Upper-tier student. Reinforced skeletal frame. Academy combat ranking: top ten percent. His uniform was pristine, his posture relaxed, as if violence were an inconvenience rather than a risk.

"You didn't dodge," Rovan continued. "Are you asleep?"

Kaelen swallowed. His throat burned.

"I'm sorry," he said.

The apology wasn't for Rovan.

It was for the girl behind him whose arm was fractured in a sparring ring. Kaelen felt the bone grinding every time she moved.

Rovan laughed. "Hear that? It talks."

A few others slowed to watch. No one intervened. This wasn't a crime. This was routine.

"You know," Rovan said, stepping closer, "I still don't understand why the Academy keeps you around."

Kaelen's vision blurred. Someone in the distance was dying—burn wounds, lungs failing. He couldn't tell where. He rarely could.

"I mean," Rovan went on, "no combat talent. No lineage. No system compatibility. All you do is feel what others feel."

He leaned in, voice dropping.

"Pain sponge."

The nickname spread through the small crowd like a spark.

Kaelen's hands clenched.

He didn't raise them.

He never did.

They called him The Empathic Trash.

Officially, his ability was listed as Passive Sensory Resonance. A rare mutation that allowed the user to experience the physical and emotional states of nearby entities.

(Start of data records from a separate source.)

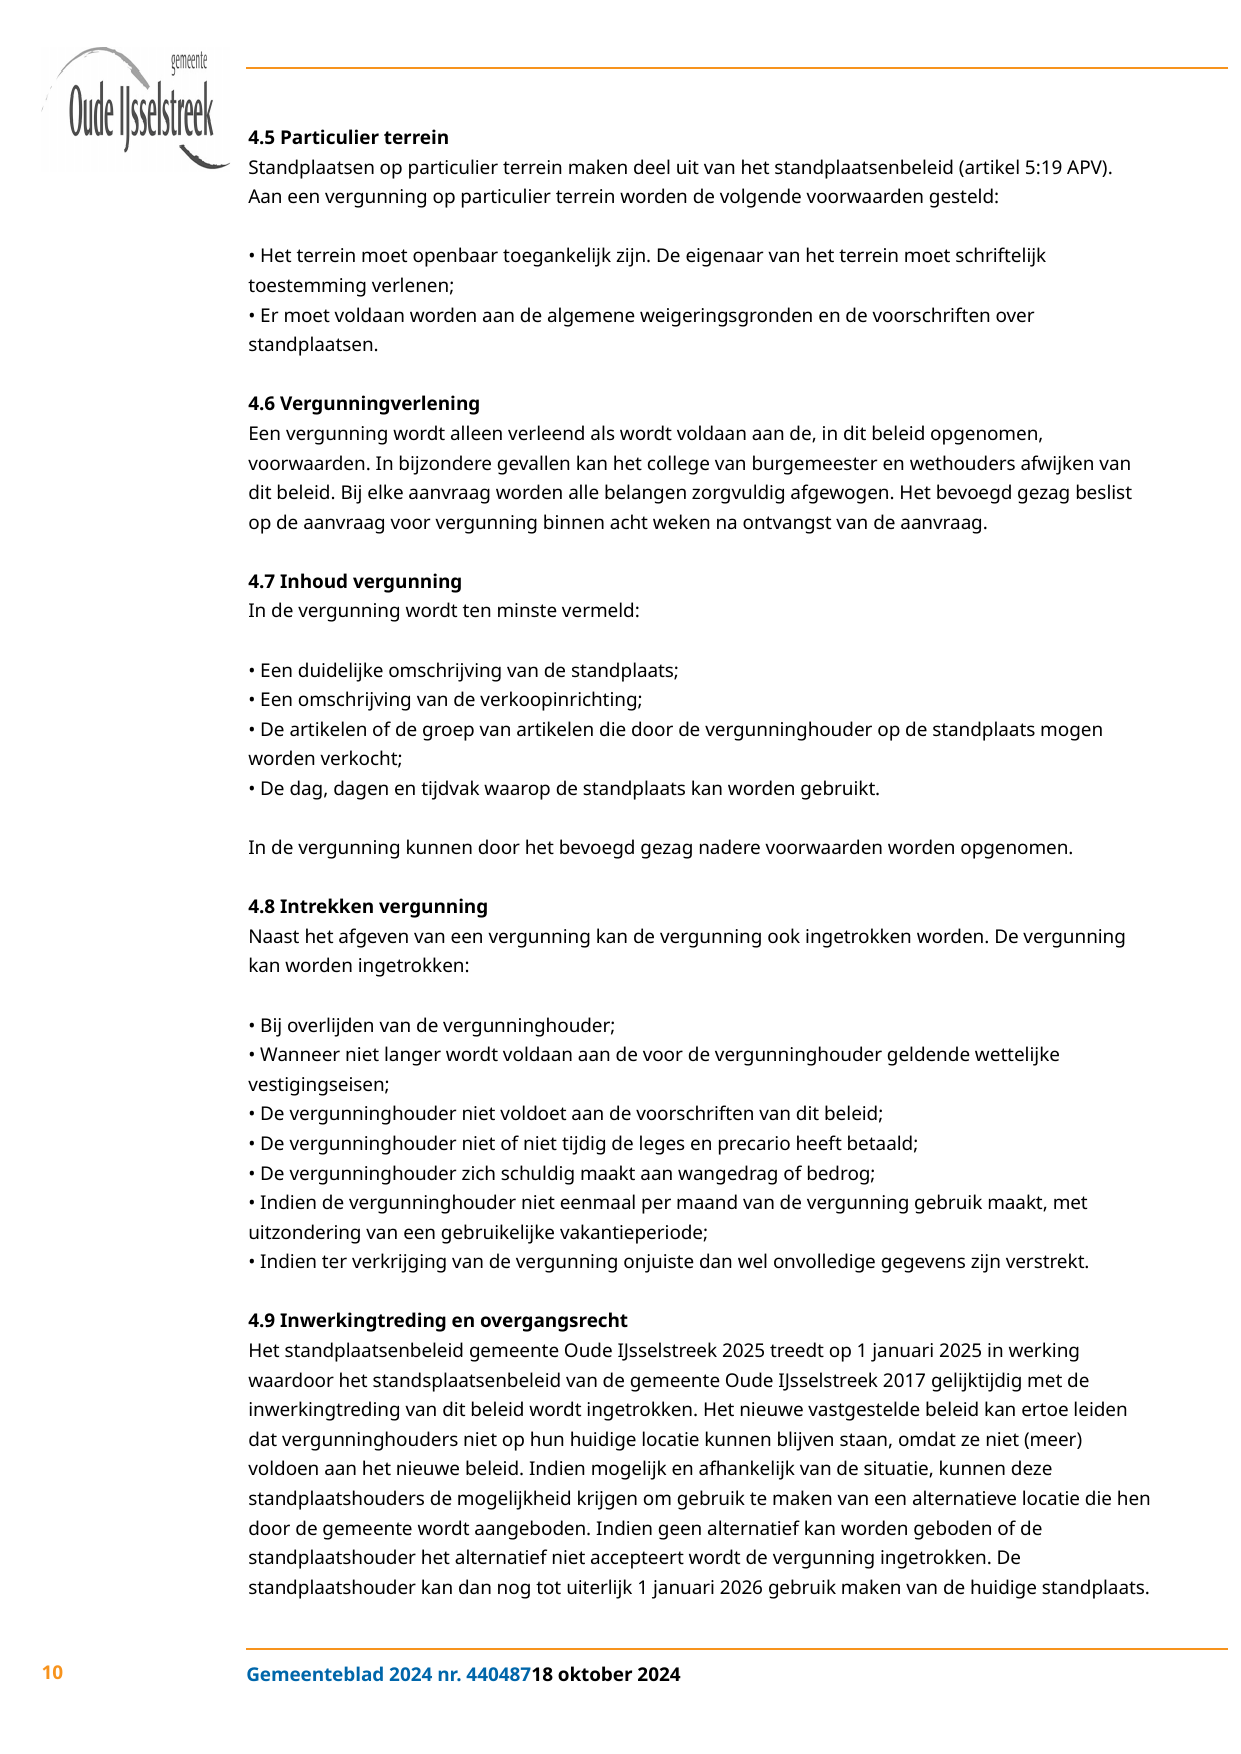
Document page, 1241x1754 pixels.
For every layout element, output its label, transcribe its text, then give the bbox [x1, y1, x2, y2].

text • Een duidelijke omschrijving van de standplaats; [248, 657, 1152, 683]
text • Er moet voldaan worden aan de algemene weigeringsgronden en de voorschriften over standplaatsen. [248, 302, 1152, 357]
text Standplaatsen op particulier terrein maken deel uit van het standplaatsenbeleid (artikel 5:19 APV). Aan een vergunning op particulier terrein worden de volgende voorwaarden gesteld: [248, 154, 1152, 209]
text • Het terrein moet openbaar toegankelijk zijn. De eigenaar van het terrein moet schriftelijk toestemming verlenen; [248, 243, 1152, 298]
text 4.8 Intrekken vergunning [248, 893, 1152, 919]
text Het standplaatsenbeleid gemeente Oude IJsselstreek 2025 treedt op 1 januari 2025 in werking waardoor het standsplaatsenbeleid van de gemeente Oude IJsselstreek 2017 gelijktijdig met de inwerkingtreding van dit beleid wordt ingetrokken. Het nieuwe vastgestelde beleid kan ertoe leiden dat vergunninghouders niet op hun huidige locatie kunnen blijven staan, omdat ze niet (meer) voldoen aan het nieuwe beleid. Indien mogelijk en afhankelijk van de situatie, kunnen deze standplaatshouders de mogelijkheid krijgen om gebruik te maken van een alternatieve locatie die hen door de gemeente wordt aangeboden. Indien geen alternatief kan worden geboden of de standplaatshouder het alternatief niet accepteert wordt de vergunning ingetrokken. De standplaatshouder kan dan nog tot uiterlijk 1 januari 2026 gebruik maken van de huidige standplaats. [248, 1337, 1152, 1600]
text • Wanneer niet langer wordt voldaan aan de voor de vergunninghouder geldende wettelijke vestigingseisen; [248, 1041, 1152, 1097]
text In de vergunning wordt ten minste vermeld: [248, 598, 1152, 623]
text 4.6 Vergunningverlening [248, 391, 1152, 416]
text • Indien de vergunninghouder niet eenmaal per maand van de vergunning gebruik maakt, met uitzondering van een gebruikelijke vakantieperiode; [248, 1189, 1152, 1245]
text • De artikelen of de groep van artikelen die door de vergunninghouder op de standplaats mogen worden verkocht; [248, 716, 1152, 771]
text • Een omschrijving van de verkoopinrichting; [248, 686, 1152, 712]
text • Bij overlijden van de vergunninghouder; [248, 1012, 1152, 1038]
text • Indien ter verkrijging van de vergunning onjuiste dan wel onvolledige gegevens zijn verstrekt. [248, 1248, 1152, 1274]
text • De vergunninghouder niet of niet tijdig de leges en precario heeft betaald; [248, 1130, 1152, 1156]
text • De vergunninghouder zich schuldig maakt aan wangedrag of bedrog; [248, 1160, 1152, 1186]
text 4.9 Inwerkingtreding en overgangsrecht [248, 1308, 1152, 1333]
text • De vergunninghouder niet voldoet aan de voorschriften van dit beleid; [248, 1101, 1152, 1126]
text Een vergunning wordt alleen verleend als wordt voldaan aan de, in dit beleid opgenomen, voorwaarden. In bijzondere gevallen kan het college van burgemeester en wethouders afwijken van dit beleid. Bij elke aanvraag worden alle belangen zorgvuldig afgewogen. Het bevoegd gezag beslist op de aanvraag voor vergunning binnen acht weken na ontvangst van de aanvraag. [248, 420, 1152, 535]
text Naast het afgeven van een vergunning kan de vergunning ook ingetrokken worden. De vergunning kan worden ingetrokken: [248, 923, 1152, 978]
text 4.5 Particulier terrein [248, 124, 1152, 150]
text 4.7 Inhoud vergunning [248, 568, 1152, 594]
text • De dag, dagen en tijdvak waarop de standplaats kan worden gebruikt. [248, 775, 1152, 801]
text In de vergunning kunnen door het bevoegd gezag nadere voorwaarden worden opgenomen. [248, 834, 1152, 860]
picture [41, 47, 231, 172]

Rare did not mean valuable.

It meant unusable.

Empathy didn't kill monsters. It didn't block blades. It didn't strengthen bones or accelerate healing. It just made Kaelen a living amplifier for suffering.

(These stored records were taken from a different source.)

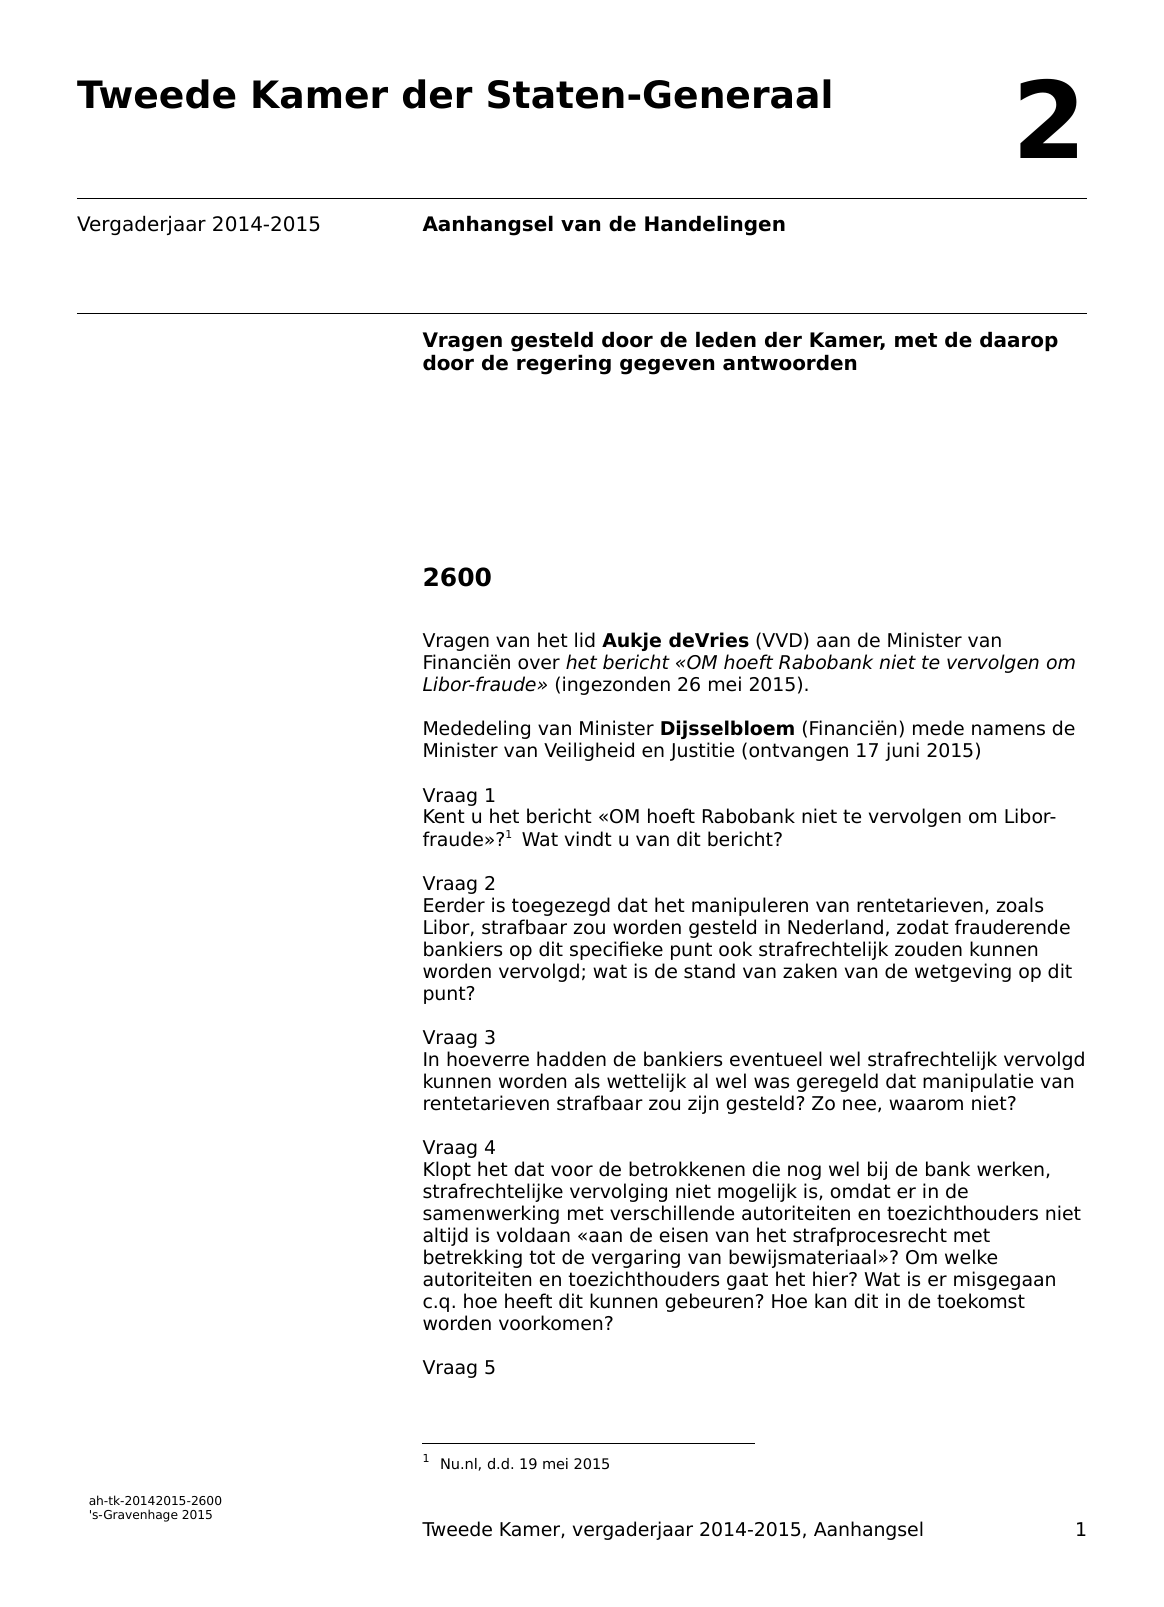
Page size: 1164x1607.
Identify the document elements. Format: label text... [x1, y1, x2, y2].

text Klopt het dat voor de betrokkenen die nog wel bij de bank werken, strafrechtelijke vervolging niet mogelijk is, omdat er in de samenwerking met verschillende autoriteiten en toezichthouders niet altijd is voldaan «aan de eisen van het strafprocesrecht met betrekking tot de vergaring van bewijsmateriaal»? Om welke autoriteiten en toezichthouders gaat het hier? Wat is er misgegaan c.q. hoe heeft dit kunnen gebeuren? Hoe kan dit in de toekomst worden voorkomen? [422, 1159, 1087, 1334]
text Vragen van het lid Aukje deVries (VVD) aan de Minister van Financiën over het bericht «OM hoeft Rabobank niet te vervolgen om Libor-fraude» (ingezonden 26 mei 2015). [422, 630, 1087, 696]
text Vraag 3 [422, 1027, 1087, 1049]
table_cell Vergaderjaar 2014-2015 [77, 199, 422, 313]
table_header Tweede Kamer der Staten-Generaal [77, 59, 886, 198]
text Vraag 2 [422, 873, 1087, 894]
text Kent u het bericht «OM hoeft Rabobank niet te vervolgen om Libor-fraude»? Wat vindt u van dit bericht? [422, 806, 1087, 850]
text Nu.nl, d.d. 19 mei 2015 [422, 1452, 1087, 1474]
text Vraag 4 [422, 1137, 1087, 1159]
text 2600 [422, 563, 1087, 592]
table_cell Aanhangsel van de Handelingen [422, 199, 1087, 313]
text Vraag 5 [422, 1357, 1087, 1379]
text 's-Gravenhage 2015 [88, 1508, 323, 1522]
text ah-tk-20142015-2600 [88, 1494, 323, 1508]
table_cell Vragen gesteld door de leden der Kamer, met de daarop door de regering gegeven antwoorden [422, 314, 1087, 375]
table_cell [77, 314, 422, 375]
text Vraag 1 [422, 784, 1087, 806]
text Mededeling van Minister Dijsselbloem (Financiën) mede namens de Minister van Veiligheid en Justitie (ontvangen 17 juni 2015) [422, 718, 1087, 762]
text In hoeverre hadden de bankiers eventueel wel strafrechtelijk vervolgd kunnen worden als wettelijk al wel was geregeld dat manipulatie van rentetarieven strafbaar zou zijn gesteld? Zo nee, waarom niet? [422, 1049, 1087, 1114]
table_header 2 [886, 59, 1087, 198]
text Eerder is toegezegd dat het manipuleren van rentetarieven, zoals Libor, strafbaar zou worden gesteld in Nederland, zodat frauderende bankiers op dit specifieke punt ook strafrechtelijk zouden kunnen worden vervolgd; wat is de stand van zaken van de wetgeving op dit punt? [422, 894, 1087, 1004]

Instructors tried to train him once.

They stopped after he collapsed during a controlled exercise because a second-year student dislocated their shoulder three rooms away.

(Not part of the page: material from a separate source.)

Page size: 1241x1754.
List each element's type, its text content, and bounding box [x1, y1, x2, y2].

After that, Kaelen became a logistical asset. Field support. Medical early warning. Disposable scout.

Trash.

Combat class began at noon.

Kaelen sat at the edge of the arena, knees drawn up, arms wrapped around himself. The noise alone was enough to make his skull throb. Every strike, every fracture, every burned nerve registered in his body like static.

He learned quickly not to scream.

On the central platform, students dueled under instructor supervision. A cultivator clashed with a mech-enhanced brawler. Sparks flew. Spirit pressure rolled across the arena.

Cheers erupted.

Kaelen felt a tendon snap.

He gagged.

"Focus," an instructor snapped, glancing at him with open annoyance. "If you can't handle this, you shouldn't be here."

Kaelen nodded, forcing himself to breathe through someone else's agony.

He had tried to leave once.

The Academy denied his withdrawal.

Your ability is too rare to discard, they'd said.

They just never clarified who it was rare for.

The mission order arrived at the end of the day.

Red seal. Priority classification.

Kaelen stared at the tablet as the text resolved.

Restricted Grey Zone Deployment

Solo Scavenge

Survival Not Expected

No Retrieval Authorized

His heartbeat slowed.

Around him, other students received normal assignments—team raids, patrol rotations, fracture mapping.

Rovan glanced over, curiosity flickering. Then he smiled.

"Oh," he said softly. "You finally got one."

Kaelen didn't respond.

He felt something else instead.

Relief.

If the world wanted him gone…

At least it would stop hurting here.

He accepted the order.

The seal burned away.

And for the first time in his life, Kaelen walked away without looking back.